I certainly agree. We’re in a comfortable, not big, home in a growing suburb with a reasonable mortgage. This rate rise won’t put us on the street but it will make things tougher.
I think a lot of people should take your advice and move up to where they want to go gradually. There are lots of young people who have jumped into a mortgage that is way too large to begin with so that they can have their dream home. It’s not much of a dream when you need to work every hour of the day just to meet payments. If they’d started small they’d be on the way to something better rather than struggling.
There are also some families who have started small but the high price of houses has meant that even though they’re in a very modest home, their repayments are anything but modest. I imagine they’re the people that will hurt the most.
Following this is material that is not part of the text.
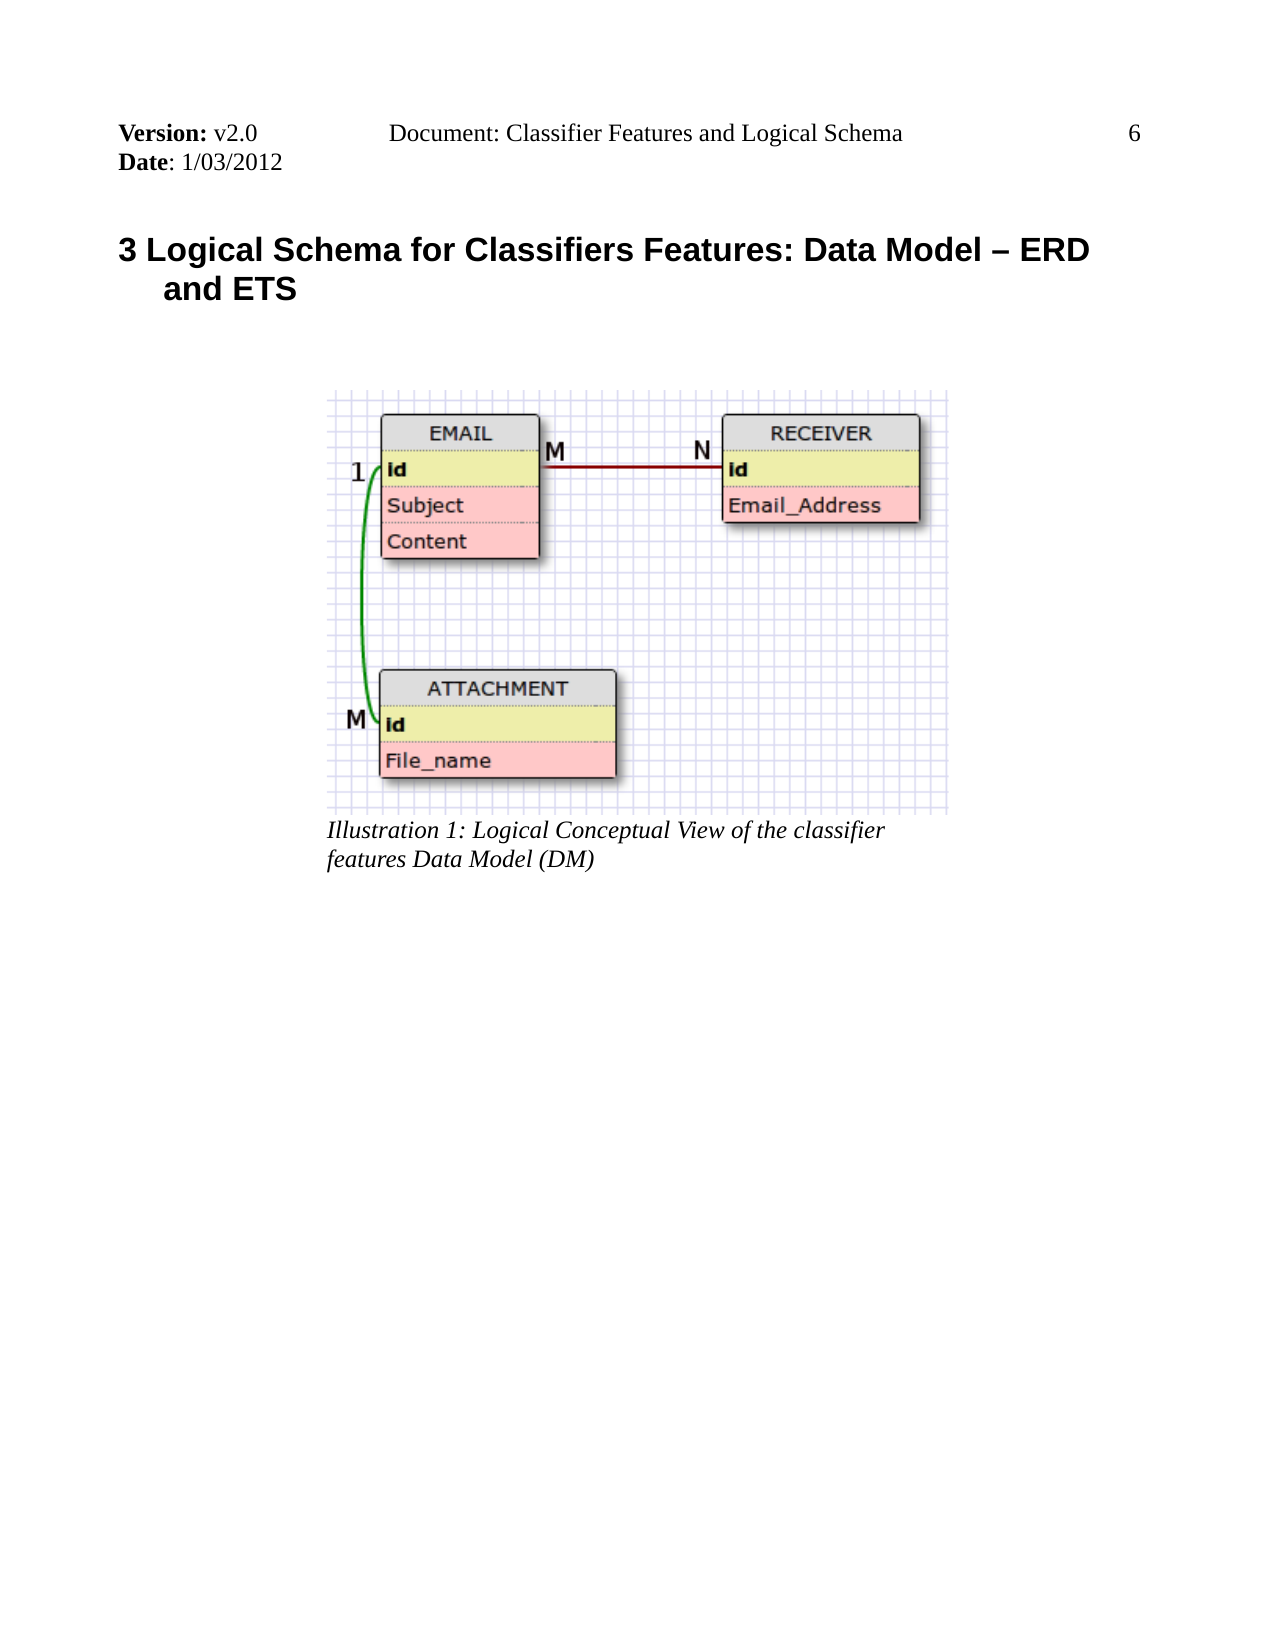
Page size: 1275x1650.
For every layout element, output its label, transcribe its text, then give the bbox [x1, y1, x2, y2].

text Illustration 1: Logical Conceptual View of the classifier features Data Model (DM) [327, 815, 948, 872]
picture [326, 390, 949, 815]
subtitle 3 Logical Schema for Classifiers Features: Data Model – ERD and ETS [118, 230, 1157, 307]

You make some good points. I am no economic expert, but it seems to me that the average person is suffering while a nameless bureaucrat makes decisions with no accountability or understanding of the consequence of their decision.
I hear you Rodney.
We are paying rent which is higher than our friends’s morgage, and there for we can’t save enough or fast enough to have a deposit that will keep the bank happy to give us a morgage loan. So we are also just stuck where we are. We felt hubby had no choice than to work FIFO so one day we can also say we have bought our own place.
How long will we have to endure this and put as much money away we can we don’t know but we hope not long because it’s horrible and we both don’t like it but felt we need the security of a home and almost had no choice. With renting we have to move every 2 -3 years and it’s horrible and costly. And trust me, when it one day comes to buying it will also be a modest family home.